Jaques-Dalcroze music school | Festival

After Wolf Dohrn brought the music teacher Emile Jaques-Dalcroze from Geneva to Hellerau, the garden city quickly became the centre of an internationally renowned European rhythmic movement. In a short time, the music school attracted a steadily growing number of students from home and abroad. The highlight of the academic year was the summer festival with large staged performances in front of an international audience. The First World War put an end to this development and burgeoning nationalism finally drove Dalcroze out of Hellerau.

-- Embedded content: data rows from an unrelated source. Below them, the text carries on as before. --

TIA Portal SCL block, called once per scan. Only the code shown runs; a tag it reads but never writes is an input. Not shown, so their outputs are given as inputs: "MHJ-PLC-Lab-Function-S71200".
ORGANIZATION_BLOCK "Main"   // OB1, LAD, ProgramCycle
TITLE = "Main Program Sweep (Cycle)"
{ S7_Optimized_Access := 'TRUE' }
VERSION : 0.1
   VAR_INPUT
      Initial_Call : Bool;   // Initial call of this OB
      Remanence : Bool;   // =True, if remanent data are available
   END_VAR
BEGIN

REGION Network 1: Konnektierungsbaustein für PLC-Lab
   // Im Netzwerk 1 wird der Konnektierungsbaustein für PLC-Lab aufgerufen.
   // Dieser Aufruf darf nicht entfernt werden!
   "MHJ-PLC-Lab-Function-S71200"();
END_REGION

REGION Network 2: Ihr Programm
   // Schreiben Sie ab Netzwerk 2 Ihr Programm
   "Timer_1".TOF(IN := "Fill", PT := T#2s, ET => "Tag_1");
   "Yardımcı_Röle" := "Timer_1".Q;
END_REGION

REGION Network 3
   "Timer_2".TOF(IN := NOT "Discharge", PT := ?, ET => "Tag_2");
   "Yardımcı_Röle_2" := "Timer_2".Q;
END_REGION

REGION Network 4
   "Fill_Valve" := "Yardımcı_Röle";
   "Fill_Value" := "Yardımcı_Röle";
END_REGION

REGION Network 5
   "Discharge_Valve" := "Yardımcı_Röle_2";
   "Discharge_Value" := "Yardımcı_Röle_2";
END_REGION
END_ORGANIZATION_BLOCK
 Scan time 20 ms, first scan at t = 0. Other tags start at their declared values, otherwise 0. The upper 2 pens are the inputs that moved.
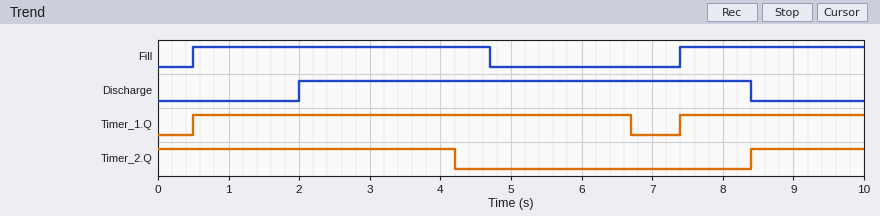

European rhythmic movement in Hellerau

Wolf Dohrn made Hellerau world famous in the years leading up to the outbreak of the First World War with the realisation of his ambitious plans to create an urban synthesis of the arts uniting work, life, and art. In the face of opposition from Schmidt and Riemerschmid, he pushed through the construction of the Festspielhaus (Festival Theatre) and in autumn 1910 brought the music teacher Emile Jaques-Dalcroze from Geneva to Hellerau, who set up his school for music and rhythm here. Dalcroze brought 46 students from Geneva for the first course in 1910/11 and by 1913/14, 495 young people from 15 nations were studying at the music school. As a result, the garden city quickly became the centre of an internationally renowned European rhythmic movement. 

Short heyday and abrupt end

The highlight of the academic year was the summer festival, which only took place in 1912 and 1913 though. There were two reasons for this: firstly, the construction of the music school was not finished in 1911, and secondly, Emile Jaques-Dalcroze had returned to his home town of Geneva at the beginning of 1914 to organise the celebrations for the city’s centenary of being a member of the Swiss Confederation. Due to the outbreak of the First World War in the summer, he was unable to return to Hellerau. Jaques-Dalcroze also signed the Geneva Protest on the occasion of the shelling of Reims Cathedral by German troops. The nationalism that set in afterwards made his return to the garden city impossible, and within a few months the Dresden press turned the ‘highly revered and esteemed master’ into the ‘unloved, arrogant Swissman’.

Highlights of theatre history

Despite this tragic development, the four years during which the Jaques-Dalcroze music school existed were extremely successful. The number of students from home and abroad had grown steadily and the two-week school festivals at the end of the school year were also a great success. The staged performances of Orpheus and Eurydice by Christoph Willibald Gluck in July and the world premiere of Paul Claudel’s Annunciation in October 1913 attracted over 5,000 visitors. The performances attracted the most important representatives of the European avant-garde to the garden city and gave it the flair of a festival venue. Hellerau had thus transformed itself from a settlement designed in the spirit of the Lebensreform (life-reform) movement into a cultural site that was highly esteemed worldwide within just a few years.